Kabupaten Tanah Bumbu kembali menegaskan komitmennya dalam memajukan dan melestarikan kebudayaan lokal. Pada ajang Pekan Budaya Banua 2025 yang digelar di Banjarbaru, karya budaya MASSUKIRI resmi ditetapkan sebagai Warisan Budaya Takbenda (WBTb) Indonesia. Sertifikat pengakuan nasional tersebut diterima Bupati Tanah Bumbu, Andi Rudi Latif, melalui Asisten Perekonomian dan Pembangunan, Eryanto Rais, dan diserahkan langsung oleh Kepala Dinas Pendidikan dan Kebudayaan Provinsi Kalimantan Selatan, Galuh Tantri Narindra.

Penetapan MASSUKIRI sebagai WBTb Indonesia berlangsung dalam rangkaian kegiatan Pekan Budaya Banua 2025 yang diselenggarakan Pemerintah Provinsi Kalimantan Selatan pada 3–7 Desember 2025. Pengakuan ini menjadi momentum penting dalam memperkuat identitas budaya Tanah Bumbu sekaligus menegaskan komitmen pemerintah daerah dalam menjaga dan mengembangkan warisan tradisi.

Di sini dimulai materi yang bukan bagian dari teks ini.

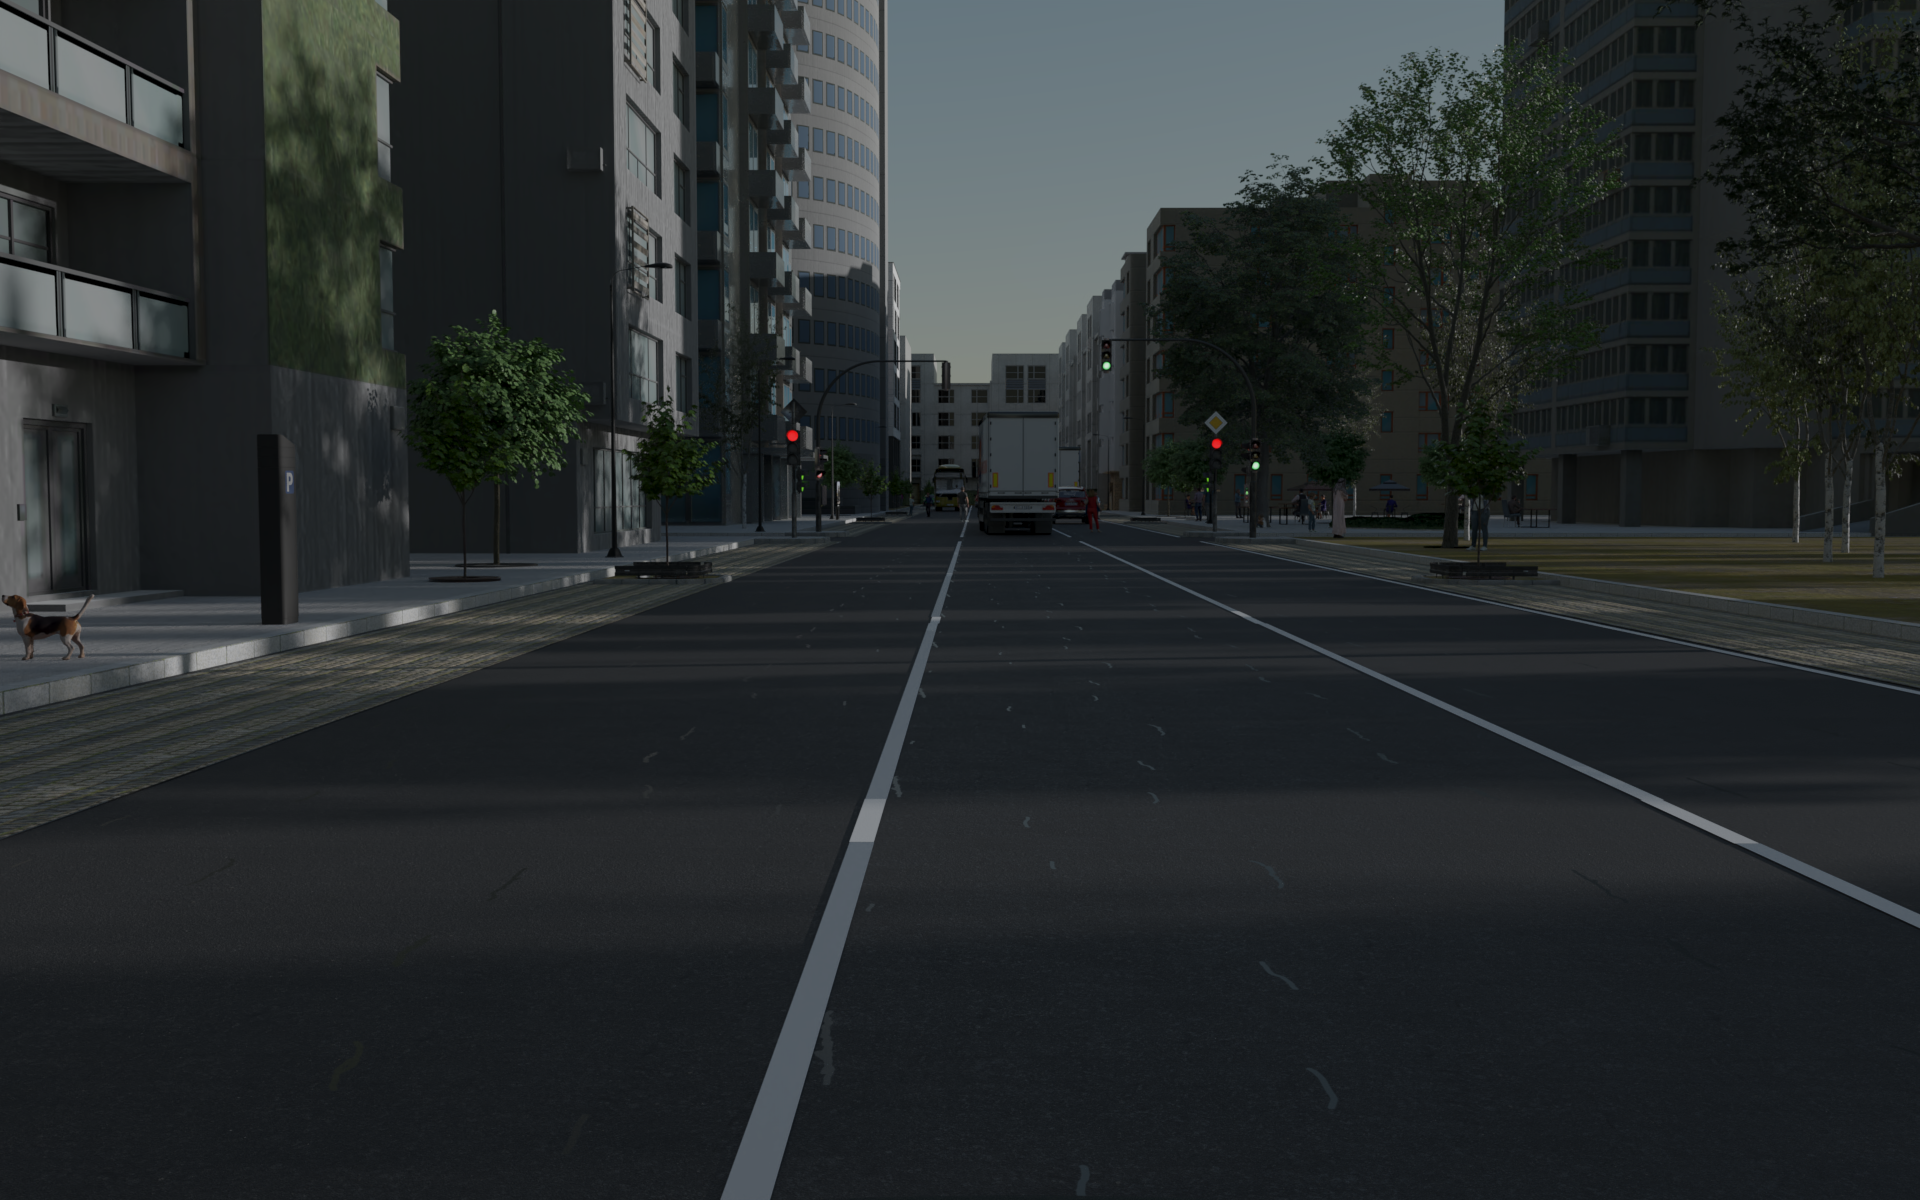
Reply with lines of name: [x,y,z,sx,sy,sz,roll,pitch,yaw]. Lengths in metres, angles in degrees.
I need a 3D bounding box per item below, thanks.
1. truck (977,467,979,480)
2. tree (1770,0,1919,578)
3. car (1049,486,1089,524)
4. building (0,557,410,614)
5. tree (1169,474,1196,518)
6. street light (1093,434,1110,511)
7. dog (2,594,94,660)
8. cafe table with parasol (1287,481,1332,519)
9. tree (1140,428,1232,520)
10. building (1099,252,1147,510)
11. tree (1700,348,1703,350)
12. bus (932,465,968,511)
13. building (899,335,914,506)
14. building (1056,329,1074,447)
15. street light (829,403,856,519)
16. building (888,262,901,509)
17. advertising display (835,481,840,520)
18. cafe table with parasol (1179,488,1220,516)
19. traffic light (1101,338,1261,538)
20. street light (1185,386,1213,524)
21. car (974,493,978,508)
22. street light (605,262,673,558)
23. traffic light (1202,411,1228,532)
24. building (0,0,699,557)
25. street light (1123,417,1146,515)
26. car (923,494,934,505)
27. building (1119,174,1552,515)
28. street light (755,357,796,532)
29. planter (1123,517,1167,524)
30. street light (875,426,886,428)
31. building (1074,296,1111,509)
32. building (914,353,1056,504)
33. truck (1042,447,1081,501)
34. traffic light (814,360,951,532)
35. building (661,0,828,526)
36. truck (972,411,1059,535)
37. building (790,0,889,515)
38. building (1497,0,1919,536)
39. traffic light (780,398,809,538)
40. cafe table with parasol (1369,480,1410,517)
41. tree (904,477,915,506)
truck: [2.318,-5.470,78.352,2.839,4.237,11.283,0,4,-1]
tree: [14.100,-4.633,26.108,4.737,8.622,4.395,0,3,0]
car: [5.333,-4.656,84.801,2.281,1.827,5.304,0,4,1]
building: [-15.604,-20.503,18.814,14.154,41.232,14.086,0,4,1]
tree: [11.868,-5.930,91.561,1.663,3.219,1.824,0,3,0]
street light: [10.922,-9.865,133.835,1.470,5.913,1.316,0,4,1]
dog: [-7.062,0.209,13.419,0.406,0.507,0.540,3,5,42]
cafe table with parasol: [17.876,-5.083,87.965,2.610,1.966,2.610,3,5,42]
tree: [11.917,-6.221,85.432,4.285,4.588,4.351,0,3,0]
building: [19.502,-17.407,141.017,16.016,20.091,11.380,0,4,1]
tree: [21.949,-5.836,45.785,4.737,8.622,4.395,0,3,0]
bus: [-0.937,-9.575,148.094,2.896,3.916,12.252,0,4,-1]
building: [-21.737,-20.500,201.640,31.486,18.905,16.747,0,4,1]
building: [20.172,-20.048,194.237,16.747,18.905,31.486,0,4,1]
street light: [-5.977,-7.082,88.340,1.470,5.913,1.316,0,4,1]
building: [-19.808,-18.752,150.566,27.936,21.610,32.646,0,4,1]
advertising display: [-6.084,-4.942,86.019,0.123,1.923,0.974,0,4,4]
cafe table with parasol: [14.022,-5.958,102.280,2.610,1.966,2.610,1,4,17]
traffic light: [6.471,-4.644,50.598,4.771,5.953,1.251,0,4,1]
street light: [10.272,-6.240,74.571,1.470,5.913,1.316,0,4,1]
car: [2.612,-10.586,181.747,2.281,1.827,5.304,0,4,-1]
street light: [-6.454,-3.813,34.879,1.470,5.913,1.316,0,4,1]
traffic light: [8.635,-4.268,58.706,0.839,4.253,0.868,0,4,1]
building: [-14.180,-21.984,43.027,14.086,41.232,14.154,0,4,1]
street light: [10.521,-8.066,104.415,1.470,5.913,1.316,0,4,1]
car: [-3.403,-11.908,203.485,1.959,1.807,4.718,0,3,0]
building: [26.031,-16.762,119.091,27.650,21.520,28.899,0,4,1]
street light: [-6.257,-5.271,58.714,1.470,5.913,1.316,0,4,1]
planter: [8.896,-3.813,83.477,1.991,0.319,1.994,0,4,1]
street light: [-5.709,-8.907,118.176,1.470,5.913,1.316,0,4,1]
building: [20.253,-18.125,162.808,16.747,18.905,31.486,0,4,1]
building: [4.124,-22.003,226.199,31.486,18.905,16.747,0,4,1]
truck: [6.070,-7.284,108.004,2.839,4.237,11.283,0,4,2]
traffic light: [-2.693,-5.147,58.826,4.771,5.953,1.251,0,4,1]
building: [-18.915,-28.254,81.554,23.786,49.044,30.456,0,4,1]
truck: [1.999,-4.615,64.364,2.839,4.237,11.283,0,4,-1]
building: [-16.143,-35.260,118.505,21.231,58.520,28.212,0,4,1]
building: [37.150,-23.242,71.887,23.993,40.220,32.217,0,4,1]
traffic light: [-4.857,-3.786,50.825,0.839,4.253,0.868,0,4,1]
cafe table with parasol: [20.550,-4.768,82.826,2.610,1.966,2.610,-1,4,-19]
tree: [-5.574,-12.080,192.103,1.663,3.219,1.824,0,3,0]

Eryanto Rais menyampaikan bahwa keberhasilan tersebut sejalan dengan visi dan misi pembangunan Kabupaten Tanah Bumbu Tahun 2025–2029, khususnya misi peningkatan prestasi seni dan budaya serta pelestarian warisan budaya daerah. Penetapan ini diharapkan menjadi pemacu semangat bagi pelaku budaya untuk terus berkarya dan menjaga nilai-nilai tradisi.

MASSUKIRI ditetapkan sebagai WBTb Indonesia setelah melalui sidang kurasi yang dilaksanakan Kementerian Kebudayaan Republik Indonesia pada 5–11 Oktober 2025 di Jakarta Selatan. Sidang tersebut dipimpin Prof. Sulistio S. Tirto Kusumo dan melibatkan 21 ahli dari kalangan akademisi, budayawan, serta seniman nasional. Dari Kalimantan Selatan, sebanyak 11 karya budaya dinyatakan lolos dan masuk dalam daftar WBTb Indonesia tahun 2025.

Selain penetapan WBTb, Pekan Budaya Banua 2025 juga menjadi ajang promosi ekonomi kreatif melalui kehadiran 40 booth UMKM yang menampilkan wastra, kuliner tradisional, kriya, serta produk kreatif lokal. Beragam agenda seni dan budaya dihadirkan untuk memperkuat sinergi antara pemerintah, komunitas, dan pelaku industri kreatif sekaligus mendorong pengembangan pariwisata budaya di Kalimantan Selatan.